Cartesian product of type lists
∅ ⨯ ∅ = ∅
∅ ⨯ {A} = ∅
∅ ⨯ {A, B} = ∅
{A, B} ⨯ ∅ = ∅
{A} ⨯ {B} = {(A,B)}
{A} ⨯ {B, C, D} = {(A,B), (A,C), (A,D)}
{A, B} ⨯ {B, C, D} = {(A,B), (A,C), (A,D), (B,B), (B,C), (B,D)}
{A, B, C} ⨯ {D} = {(A,D), (B,D), (C,D)}
{A, B, C} ⨯ {D, E, F} = {(A,D), (A,E), (A,F), (B,D), (B,E), (B,F), (C,D), (C,E), (C,F)}

(I noticed on Windows using Chrome that the cross product unicode character is not coming out well.
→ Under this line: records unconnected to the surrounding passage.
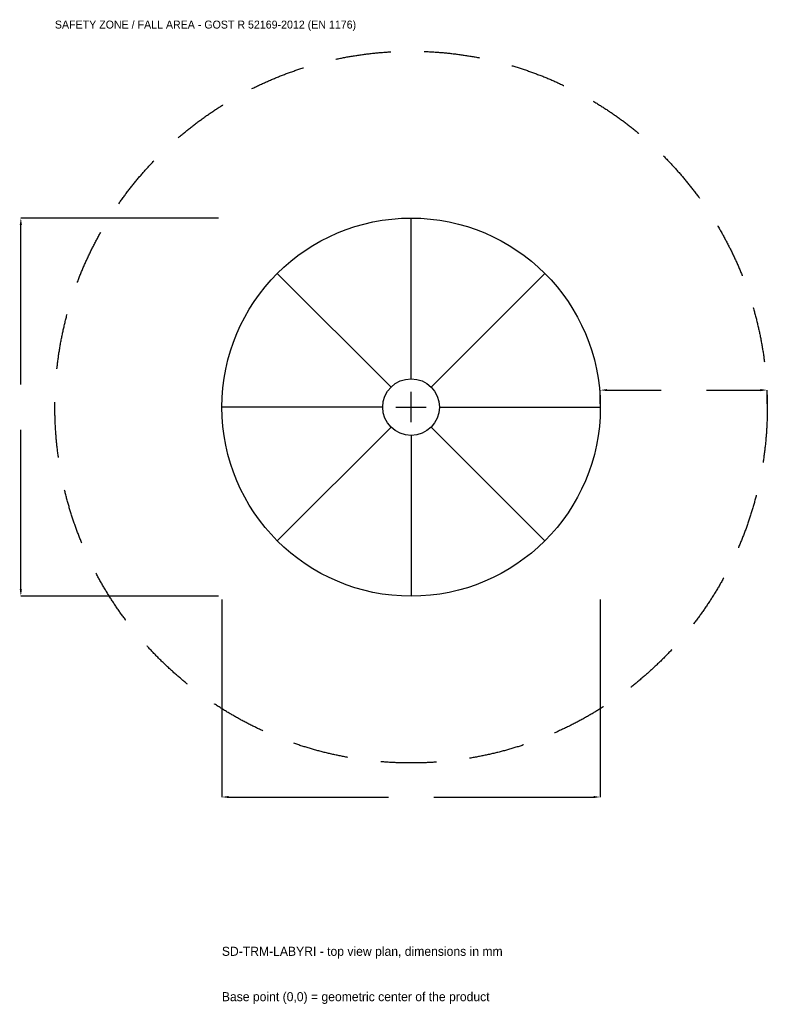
# Model space of a CAD drawing. Extents: x -3516 to 3200, y -5370 to 3484.
import ezdxf

# ---------------------------------------------------------------- set-up
doc = ezdxf.new("R2010")
doc.units = 0
doc.linetypes.add('DASHED', pattern=[800, 500, -300])
for name, color, linetype in [('GP_MAF_zona_bezopasnosti', 1, 'Continuous'), ('ZSK_DANNYE', 3, 'Continuous'), ('ZSK_KONTUR', 7, 'Continuous'), ('ZSK_RAZMERY', 8, 'Continuous')]:
    doc.layers.add(name, color=color, linetype=linetype)
doc.dimstyles.new('ORION', dxfattribs={"dimtxt": 102, "dimasz": 61.2, "dimexe": 1.25, "dimexo": 30.6, "dimtad": 1, "dimcen": 2.5, "dimazin": 3, "dimtfac": 1, "dimtmove": 0, "dimatfit": 3})

# ---------------------------------------------------------------- blocks, each defined once
blk = doc.blocks.new('_CLOSEDFILLED')
at = {"color": 0, "linetype": 'BYBLOCK'}
blk.add_solid([(-1, 0.16), (0, 0), (-1, -0.16)], dxfattribs=at)
blk = doc.blocks.new('*D1')
for p, q in [((-1700, -1730.6), (-1700, -3506)), ((1700, -1730.6), (1700, -3506)), ((-1638.8, -3506), (-204, -3506)), ((204, -3506), (1638.8, -3506))]:
    blk.add_line(p, q)
at = {"layer": 'Defpoints'}
for p in [(-1700, -1700), (1700, -1700), (-1700, -3506)]:
    blk.add_point(p, dxfattribs=at)
at = {"layer": 'ZSK_RAZMERY', "xscale": 61.199999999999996, "yscale": 61.199999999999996, "rotation": 180}
blk.add_blockref('_CLOSEDFILLED', (-1700, -3506), dxfattribs=at)
at = {"layer": 'ZSK_RAZMERY', "xscale": 61.199999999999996, "yscale": 61.199999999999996}
blk.add_blockref('_CLOSEDFILLED', (1700, -3506), dxfattribs=at)
blk = doc.blocks.new('*D2')
for p, q in [((-1730.6, 1700), (-3506, 1700)), ((-3506, 204), (-3506, 1638.8)), ((-3506, -1638.8), (-3506, -204)), ((-1730.6, -1700), (-3506, -1700))]:
    blk.add_line(p, q)
at = {"layer": 'Defpoints'}
for p in [(-1700, 1700), (-3506, -1700), (-1700, -1700)]:
    blk.add_point(p, dxfattribs=at)
at = {"layer": 'ZSK_RAZMERY', "xscale": 61.199999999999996, "yscale": 61.199999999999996}
for p, rotation in [((-3506, 1700), 90), ((-3506, -1700), 270)]:
    blk.add_blockref('_CLOSEDFILLED', p, dxfattribs=dict(at, rotation=rotation))
blk = doc.blocks.new('*D3')
for p, q in [((1700, 30.6), (1700, 153)), ((1761.2, 153), (2246, 153)), ((2654, 153), (3138.8, 153)), ((3200, 30.6), (3200, 153))]:
    blk.add_line(p, q)
at = {"layer": 'Defpoints'}
for p in [(1700, 153), (1700, 0), (3200, 0)]:
    blk.add_point(p, dxfattribs=at)
at = {"layer": 'ZSK_RAZMERY', "xscale": 61.199999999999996, "yscale": 61.199999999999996, "rotation": 180}
blk.add_blockref('_CLOSEDFILLED', (1700, 153), dxfattribs=at)
at = {"layer": 'ZSK_RAZMERY', "xscale": 61.199999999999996, "yscale": 61.199999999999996}
blk.add_blockref('_CLOSEDFILLED', (3200, 153), dxfattribs=at)
blk = doc.blocks.new('B1')
at = {"layer": 'GP_MAF_zona_bezopasnosti', "linetype": 'DASHED'}
blk.add_circle((0, 0), 3200, dxfattribs=at)
at = {"layer": 'ZSK_KONTUR'}
for p, q in [((0, 255), (0, 1700)), ((-180.312, 180.312), (-1202.082, 1202.082)), ((180.312, 180.312), (1202.082, 1202.082)), ((-255, 0), (-1700, 0)), ((255, 0), (1700, 0)), ((-180.312, -180.312), (-1202.082, -1202.082)), ((0, -255), (0, -1700)), ((180.312, -180.312), (1202.082, -1202.082))]:
    blk.add_line(p, q, dxfattribs=at)
for radius in [1700, 255]:
    blk.add_circle((0, 0), radius, dxfattribs=at)
at = {"layer": 'ZSK_RAZMERY'}
for p, q in [((0, -136), (0, 136)), ((-136, 0), (136, 0))]:
    blk.add_line(p, q, dxfattribs=at)
at = {"layer": 'GP_MAF_zona_bezopasnosti', "color": 1}
blk.add_text('SAFETY ZONE / FALL AREA - GOST R 52169-2012 (EN 1176)', height=71.4, dxfattribs=at).set_placement((-3200, 3404))
at = {"layer": 'ZSK_RAZMERY'}
dim = blk.add_linear_dim(base=(-3506, -1700), p1=(-1700, -1700), p2=(-1700, 1700), angle=90, dimstyle='ORION', dxfattribs=at)
dim.commit()
dim.dimension.update_dxf_attribs({"geometry": '*D2', "text_midpoint": (-3506, 0)})
for base, p1, p2, picture, middle in [((1700, 153), (1700, 0), (3200, 0), '*D3', (2450, 153)), ((-1700, -3506), (-1700, -1700), (1700, -1700), '*D1', (0, -3506))]:
    dim = blk.add_linear_dim(base=base, p1=p1, p2=p2, dimstyle='ORION', dxfattribs=at)
    dim.commit()
    dim.dimension.update_dxf_attribs({"geometry": picture, "text_midpoint": middle})

msp = doc.modelspace()

# ---------------------------------------------------------------- block references
msp.add_blockref('B1', (0, 0))

# ---------------------------------------------------------------- texts
at = {"layer": 'ZSK_DANNYE', "color": 3}
msp.add_text('SD-TRM-LABYRI - top view plan, dimensions in mm', height=81.6, dxfattribs=at).set_placement((-1700, -4934))
at = {"layer": 'ZSK_DANNYE', "color": 7}
msp.add_text('Base point (0,0) = geometric center of the product', height=81.6, dxfattribs=at).set_placement((-1700, -5342))

doc.saveas('drawing.dxf')

Sorry, I don't know how to fix that.)

Solution 2:

Somehow my brain is fried: I think I'm using more code than is needed but, at least, it has the desired results (although I didn't fix the memory leak):

#include <iostream>
#include <typeinfo>
#include <cxxabi.h>

template<typename...> struct type_list {};

template<typename T1, typename T2> struct type_pair {};

template<typename T, typename... Rest>
  struct row
{
  typedef type_list<type_pair<T,Rest>...> type;
};

template <typename... T> struct concat;
template <typename... S, typename... T>
struct concat<type_list<S...>, type_list<T...>>
{
    typedef type_list<S..., T...> type;
};

template <typename... T>
struct expand
{
    typedef type_list<T...> type;
};
template <> struct expand<> { typedef type_list<> type; };
template <typename... T, typename... L>
struct expand<type_list<T...>, L...>
{
    typedef typename concat<typename expand<T...>::type, typename expand<L...>::type>::type type;
};

template<typename... T>
  struct cross_product
{
    typedef typename expand<type_list<typename row<T,T...>::type...>>::type type;

};

int main()
{
  int s;
  typedef cross_product<int, float, short>::type result;
  std::cout << abi::__cxa_demangle(typeid(result).name(), 0, 0, &s) << std::endl;

  return 0;
}

Solution 3:

Maybe something like this:

template <typename ...Args> struct typelist { };

template <typename S, typename T> struct typelist_cat;

template <typename ...Ss, typename ...Ts>
struct typelist_cat<typelist<Ss...>, typelist<Ts...>>
{
    typedef typelist<Ss..., Ts...> type;
};


template <typename S, typename T> struct product;

template <typename S, typename ...Ss, typename ...Ts>
struct product<typelist<S, Ss...>, typelist<Ts...>>
{
    // the cartesian product of {S} and {Ts...}
    // is a list of pairs -- here: a typelist of 2-element typelists
    typedef typelist<typelist<S, Ts>...> S_cross_Ts;

    // the cartesian product of {Ss...} and {Ts...} (computed recursively)
    typedef typename product<typelist<Ss...>, typelist<Ts...>>::type
        Ss_cross_Ts;

    // concatenate both products
    typedef typename typelist_cat<S_cross_Ts, Ss_cross_Ts>::type type;
};

// end the recursion
template <typename ...Ts>
struct product<typelist<>, typelist<Ts...>>
{
    typedef typelist<> type;
};

Now you should be able to use product<typelist<A,B,C>, typelist<D,E,F>>::type.